*** Extracted data ***
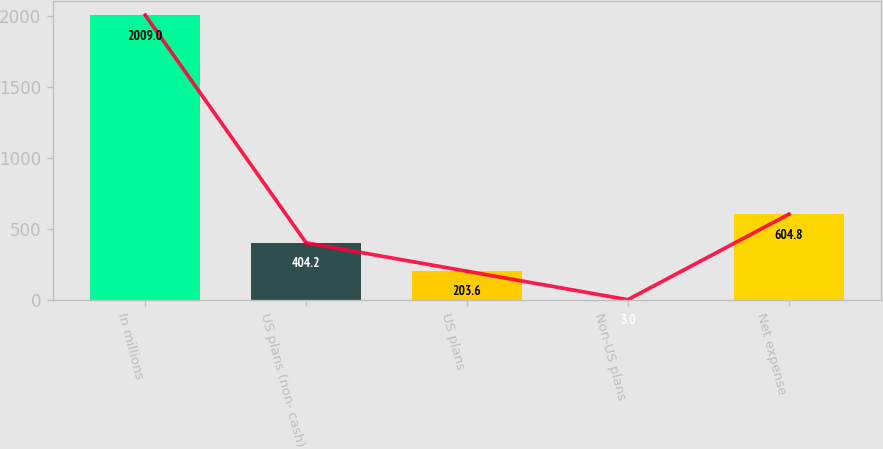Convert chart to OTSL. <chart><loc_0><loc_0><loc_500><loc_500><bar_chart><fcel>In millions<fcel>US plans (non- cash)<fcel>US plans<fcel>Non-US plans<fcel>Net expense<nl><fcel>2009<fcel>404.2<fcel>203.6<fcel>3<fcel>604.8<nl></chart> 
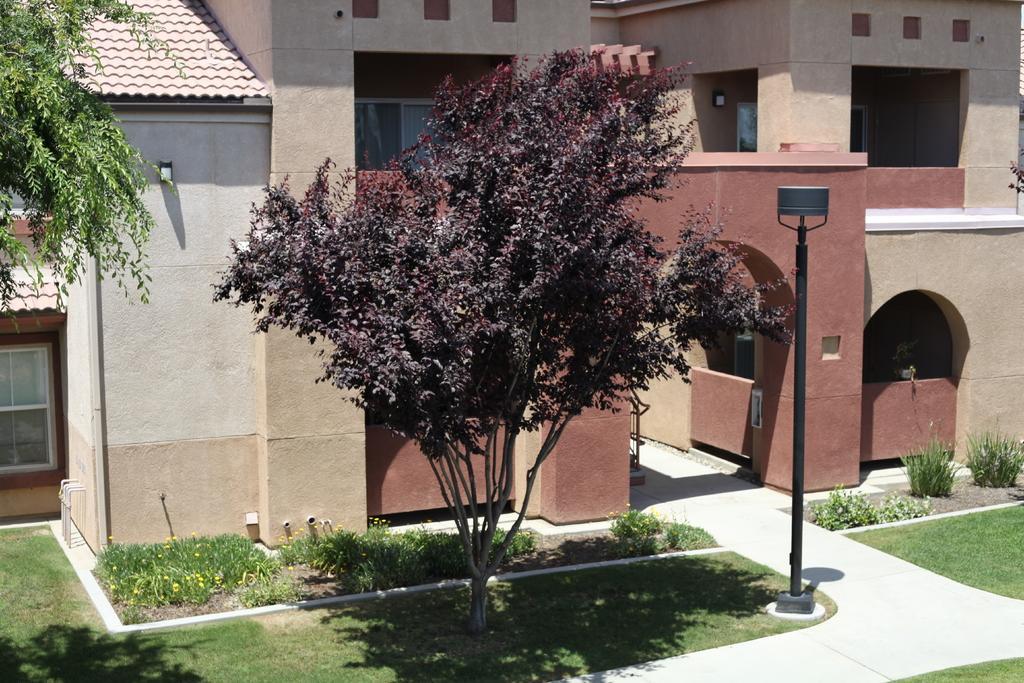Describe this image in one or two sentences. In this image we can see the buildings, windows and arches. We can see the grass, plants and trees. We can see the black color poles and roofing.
*** End of Extracted data ***
*** Extracted data ***
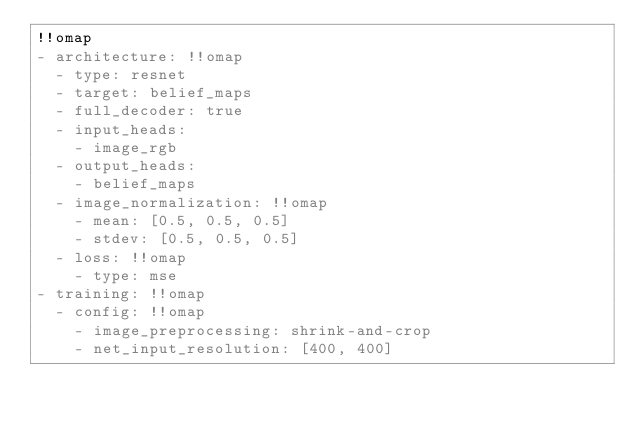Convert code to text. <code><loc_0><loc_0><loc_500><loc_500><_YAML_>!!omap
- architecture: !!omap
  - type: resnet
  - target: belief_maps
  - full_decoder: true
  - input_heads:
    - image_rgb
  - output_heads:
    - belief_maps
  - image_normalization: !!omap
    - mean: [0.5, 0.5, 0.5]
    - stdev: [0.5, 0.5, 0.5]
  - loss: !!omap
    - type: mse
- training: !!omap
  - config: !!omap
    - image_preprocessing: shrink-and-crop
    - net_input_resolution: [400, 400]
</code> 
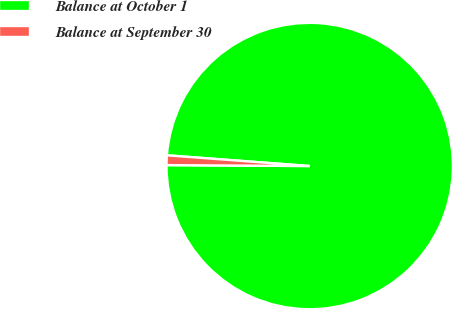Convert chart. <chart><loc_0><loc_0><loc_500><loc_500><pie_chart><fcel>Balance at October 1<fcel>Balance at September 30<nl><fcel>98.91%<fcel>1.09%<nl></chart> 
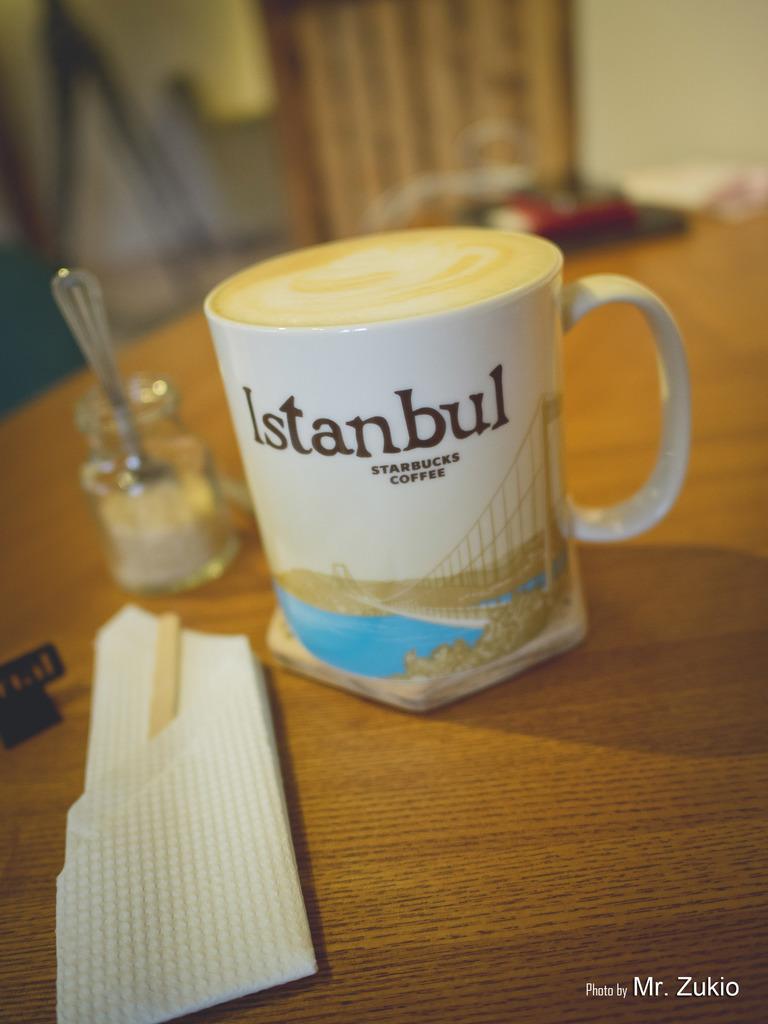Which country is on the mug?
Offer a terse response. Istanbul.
*** End of Extracted data ***
*** Extracted data ***
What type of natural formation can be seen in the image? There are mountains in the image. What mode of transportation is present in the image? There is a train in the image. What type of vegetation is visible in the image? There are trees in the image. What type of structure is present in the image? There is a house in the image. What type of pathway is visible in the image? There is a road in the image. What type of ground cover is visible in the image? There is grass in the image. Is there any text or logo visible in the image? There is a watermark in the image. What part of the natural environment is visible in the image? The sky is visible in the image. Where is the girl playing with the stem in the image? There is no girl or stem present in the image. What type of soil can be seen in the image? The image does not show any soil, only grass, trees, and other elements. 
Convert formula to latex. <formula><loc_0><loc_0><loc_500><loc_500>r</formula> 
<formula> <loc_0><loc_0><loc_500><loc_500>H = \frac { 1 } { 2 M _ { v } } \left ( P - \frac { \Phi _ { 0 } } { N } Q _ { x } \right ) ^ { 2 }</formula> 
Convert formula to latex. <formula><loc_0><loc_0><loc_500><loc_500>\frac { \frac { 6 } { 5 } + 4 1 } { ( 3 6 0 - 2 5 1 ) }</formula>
*** End of Extracted data ***
In the data above, the stretch from the line with "- image_rgb" through the line with "Offer a terse response. Istanbul." is to be returned exactly, minus any pictures.

    - image_rgb
  - output_heads:
    - belief_maps
  - image_normalization: !!omap
    - mean: [0.5, 0.5, 0.5]
    - stdev: [0.5, 0.5, 0.5]
  - loss: !!omap
    - type: mse
- training: !!omap
  - config: !!omap
    - image_preprocessing: shrink-and-crop
    - net_input_resolution: [400, 400]
</code> 
Convert chart. <chart><loc_0><loc_0><loc_500><loc_500><pie_chart><fcel>Balance at October 1<fcel>Balance at September 30<nl><fcel>98.91%<fcel>1.09%<nl></chart> 
Which country is on the mug?
Offer a terse response. Istanbul.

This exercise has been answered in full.